D  .  .  .  .  .  .  .  .
F  .  .  .  .  .  .  .  .
G  .  .  .  .  .  .  .  .
H  .  .  .  .  .  .  .  .
K  .  .  .  .  .  .  .  .
M  .  .  .  .  .  .  .  .
N  .  .  .  .  .  .  .  .
P  .  .  .  .  .  .  .  .
S  .  .  .  .  .  .  .  .
T  .  .  .  .  .  .  .  .
V  .  .  .  .  .  .  .  .
W  .  .  .  .  .  .  .  .
Y  .  .  .  .  .  .  .  .
Each letter stands for a particular design decision from a set of two related options; perhaps each is just a selection from a list. At the end you have a few codes that deviate the design from the 'norm' in a Rock-Scissors-Paper sort of way.

So your custom AHL squadron might look like

Code:
Azhanti High Lightning   FI-25820A  He Ka Bo Tu    TL14  RU1
 
Back to the counter.

I propose using Mayday as the inspiration for the actual counters. The only thing they have is (1) a silhouette and (2) an ID number.

Details of the ship or squadron are scribbled into a 3x5 card.

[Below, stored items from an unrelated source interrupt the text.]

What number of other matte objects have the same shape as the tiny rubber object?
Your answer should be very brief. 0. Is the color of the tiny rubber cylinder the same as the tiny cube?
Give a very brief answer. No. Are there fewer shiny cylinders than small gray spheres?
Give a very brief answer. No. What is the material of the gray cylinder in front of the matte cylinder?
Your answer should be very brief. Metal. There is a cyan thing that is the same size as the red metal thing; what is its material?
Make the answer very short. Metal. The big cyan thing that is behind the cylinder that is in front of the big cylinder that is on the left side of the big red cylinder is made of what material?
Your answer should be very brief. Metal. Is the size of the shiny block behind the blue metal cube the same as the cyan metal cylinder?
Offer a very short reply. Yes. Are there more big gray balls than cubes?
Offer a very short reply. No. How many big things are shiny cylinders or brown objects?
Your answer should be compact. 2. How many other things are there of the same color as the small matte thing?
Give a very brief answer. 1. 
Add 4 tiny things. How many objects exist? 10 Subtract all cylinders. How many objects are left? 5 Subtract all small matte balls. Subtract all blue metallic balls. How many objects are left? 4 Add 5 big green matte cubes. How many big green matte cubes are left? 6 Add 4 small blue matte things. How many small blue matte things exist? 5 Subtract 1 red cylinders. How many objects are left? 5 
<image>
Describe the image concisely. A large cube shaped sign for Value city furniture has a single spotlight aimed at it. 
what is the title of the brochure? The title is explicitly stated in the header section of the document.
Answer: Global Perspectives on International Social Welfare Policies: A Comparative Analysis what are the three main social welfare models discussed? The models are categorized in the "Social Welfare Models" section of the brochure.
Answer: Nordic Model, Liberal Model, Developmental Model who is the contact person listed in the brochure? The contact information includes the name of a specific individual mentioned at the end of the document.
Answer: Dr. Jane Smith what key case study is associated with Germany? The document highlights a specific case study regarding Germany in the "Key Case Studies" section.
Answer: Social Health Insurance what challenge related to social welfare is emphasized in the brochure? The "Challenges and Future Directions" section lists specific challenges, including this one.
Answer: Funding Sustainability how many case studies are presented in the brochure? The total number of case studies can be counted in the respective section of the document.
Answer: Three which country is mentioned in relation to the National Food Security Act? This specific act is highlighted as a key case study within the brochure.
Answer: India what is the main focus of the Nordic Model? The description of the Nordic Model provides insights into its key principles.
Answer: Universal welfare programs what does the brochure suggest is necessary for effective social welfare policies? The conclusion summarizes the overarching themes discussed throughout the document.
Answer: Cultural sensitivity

A task force is (perhaps) a short stack of these cards.

I therefore also propose damage to be in the style of Mayday: hits are crits, and after a certain number of crits, your unit is "dispersed" (if you're playing on the one-ship-per-unit scale, dispersed absolutely means destroyed).
 
Interesting.

Back to the counter.

I propose using Mayday as the inspiration for the actual counters. The only thing they have is (1) a silhouette and (2) an ID number.

Details of the ship or squadron are scribbled into a 3x5 card. A task force is (perhaps) a short stack of these cards.

I therefore also propose damage to be in the style of Mayday: hits are crits, and after a certain number of crits, your unit is "dispersed" (if you're playing on the one-ship-per-unit scale, dispersed absolutely means destroyed).
I can see this.
 
I recall also that "hits are crits" is also TNE Battle Rider's mantra. So both Marc Miller and Frank Chadwick are in that corner. How can I oppose them.

This tends to make space combat deadly. Which is what Traveller is already known for in personal combat. This also shortens the game. All wins.
 
Using the Traditional game phases:

A. Intruder's Turn
1. Intruder moves
2. Intruder beams attack
3. Native beams return fire
4. Intruder consolidation and dispersal, launch and recovery
5. Intruder Admiral's/Commander's Orders

B. Native's Turn (same essential phases as Intruder)

C. Interphase
1. Asteroids move
2. Planets move
3. Derelicts move
 
Let me see...

I recall also that "hits are crits" is also TNE Battle Rider's mantra. So both Marc Miller and Frank Chadwick are in that corner. How can I oppose them.

This tends to make space combat deadly. Which is what Traveller is already known for in personal combat. This also shortens the game. All wins.
Well, for one thing not every hit will hit something vital, maybe they just blasted the ship's entire supply of toilet tissue. Not cool, but not critical either.

Crits should be for vital components and should have succeeded by a significant margin. Hitting just on the nose, or 1-3 under the TN is just a hit, 4> under is a crit..maybe, maybe more like 6 under TN.

But I agree not every hit is a critical.
 
Yes, that's how Mayday does it. Not every hit does something, but when it does, it's a crit.
 
Back to the counter.

I propose using Mayday as the inspiration for the actual counters. The only thing they have is (1) a silhouette and (2) an ID number.

Details of the ship or squadron are scribbled into a 3x5 card. A task force is (perhaps) a short stack of these cards.

I therefore also propose damage to be in the style of Mayday: hits are crits, and after a certain number of crits, your unit is "dispersed" (if you're playing on the one-ship-per-unit scale, dispersed absolutely means destroyed).

That's not a good description of mayday - mayday is cumulative damage, just like Book 2.
CT HG is the crits - every hit knocks something down.